------ Entries provided ------

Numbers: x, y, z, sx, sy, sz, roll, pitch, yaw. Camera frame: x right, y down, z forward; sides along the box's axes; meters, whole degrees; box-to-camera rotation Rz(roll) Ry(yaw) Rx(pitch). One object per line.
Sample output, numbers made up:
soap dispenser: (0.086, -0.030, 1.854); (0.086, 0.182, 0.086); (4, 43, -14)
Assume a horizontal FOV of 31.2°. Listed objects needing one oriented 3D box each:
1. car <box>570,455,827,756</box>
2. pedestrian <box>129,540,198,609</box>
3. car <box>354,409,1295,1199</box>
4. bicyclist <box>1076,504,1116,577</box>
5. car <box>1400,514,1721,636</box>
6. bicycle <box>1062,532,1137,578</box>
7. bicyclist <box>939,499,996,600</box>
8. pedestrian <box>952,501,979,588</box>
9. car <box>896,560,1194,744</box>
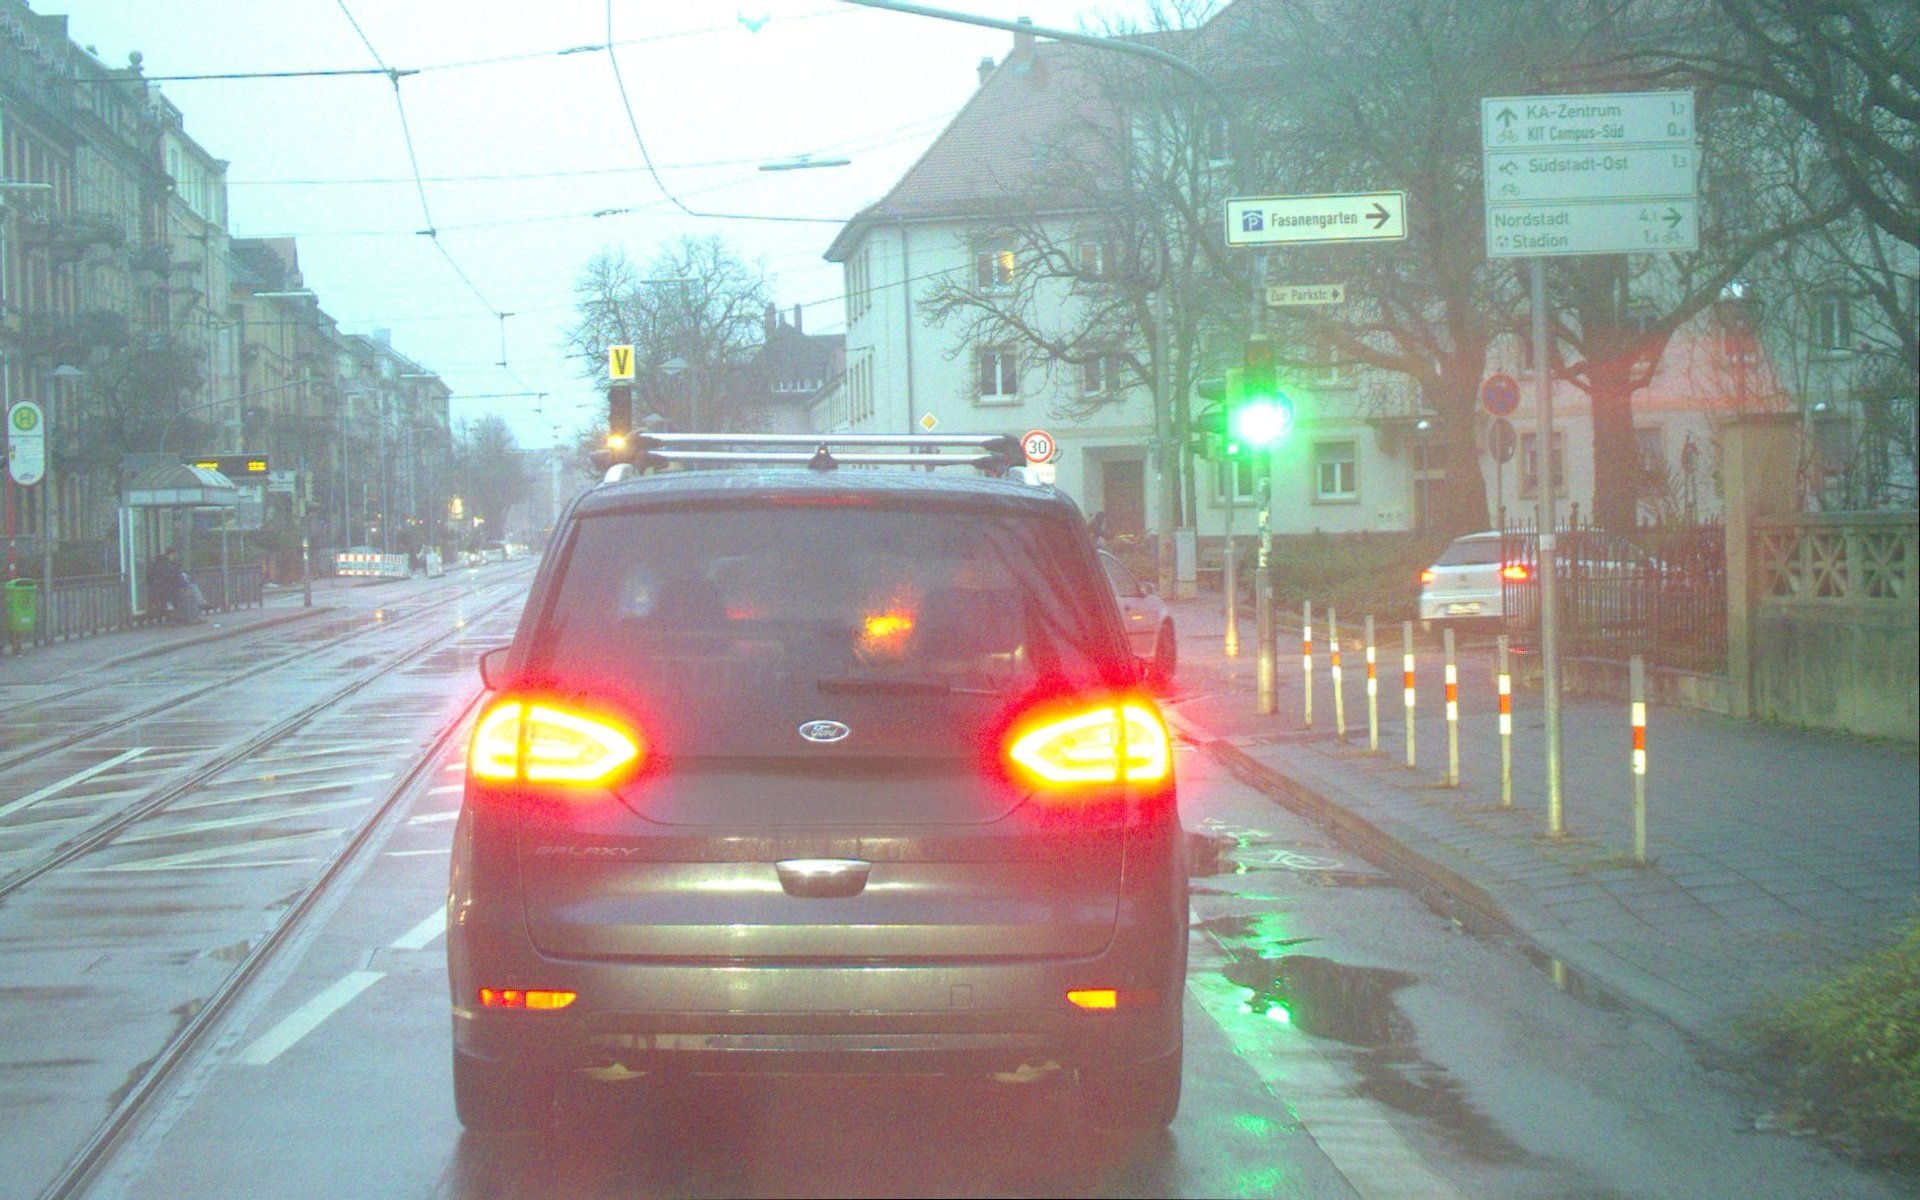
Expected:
car: (-1.953, 0.009, 25.319); (1.708, 2.007, 4.300); (-1, 1, -5)
pedestrian: (-13.984, -0.453, 60.362); (1.047, 1.196, 0.885); (-1, 1, -4)
car: (-0.433, 0.435, 10.063); (2.103, 1.810, 4.661); (0, 1, -3)
bicyclist: (3.634, -1.581, 91.567); (0.808, 1.912, 0.707); (-1, 1, 27)
car: (7.389, -0.326, 42.127); (3.989, 1.371, 1.669); (-2, 2, -40)
bicycle: (3.702, -1.201, 91.549); (1.853, 1.179, 0.713); (0, 1, 27)
bicyclist: (0.128, -0.851, 57.614); (0.716, 1.657, 1.057); (2, 1, -10)
pedestrian: (0.121, -1.289, 80.055); (0.596, 2.007, 0.631); (-1, 0, -1)
car: (0.892, 0.460, 33.430); (1.710, 1.656, 3.996); (0, 1, 20)

------

Exercise goal =
Exclude the pictures and repeat the entries word for word.

Task response =
Numbers: x, y, z, sx, sy, sz, roll, pitch, yaw. Camera frame: x right, y down, z forward; sides along the box's axes; meters, whole degrees; box-to-camera rotation Rz(roll) Ry(yaw) Rx(pitch). One object per line.
Sample output, numbers made up:
soap dispenser: (0.086, -0.030, 1.854); (0.086, 0.182, 0.086); (4, 43, -14)
Assume a horizontal FOV of 31.2°. Listed objects needing one oriented 3D box each:
1. car <box>570,455,827,756</box>
2. pedestrian <box>129,540,198,609</box>
3. car <box>354,409,1295,1199</box>
4. bicyclist <box>1076,504,1116,577</box>
5. car <box>1400,514,1721,636</box>
6. bicycle <box>1062,532,1137,578</box>
7. bicyclist <box>939,499,996,600</box>
8. pedestrian <box>952,501,979,588</box>
9. car <box>896,560,1194,744</box>
Expected:
car: (-1.953, 0.009, 25.319); (1.708, 2.007, 4.300); (-1, 1, -5)
pedestrian: (-13.984, -0.453, 60.362); (1.047, 1.196, 0.885); (-1, 1, -4)
car: (-0.433, 0.435, 10.063); (2.103, 1.810, 4.661); (0, 1, -3)
bicyclist: (3.634, -1.581, 91.567); (0.808, 1.912, 0.707); (-1, 1, 27)
car: (7.389, -0.326, 42.127); (3.989, 1.371, 1.669); (-2, 2, -40)
bicycle: (3.702, -1.201, 91.549); (1.853, 1.179, 0.713); (0, 1, 27)
bicyclist: (0.128, -0.851, 57.614); (0.716, 1.657, 1.057); (2, 1, -10)
pedestrian: (0.121, -1.289, 80.055); (0.596, 2.007, 0.631); (-1, 0, -1)
car: (0.892, 0.460, 33.430); (1.710, 1.656, 3.996); (0, 1, 20)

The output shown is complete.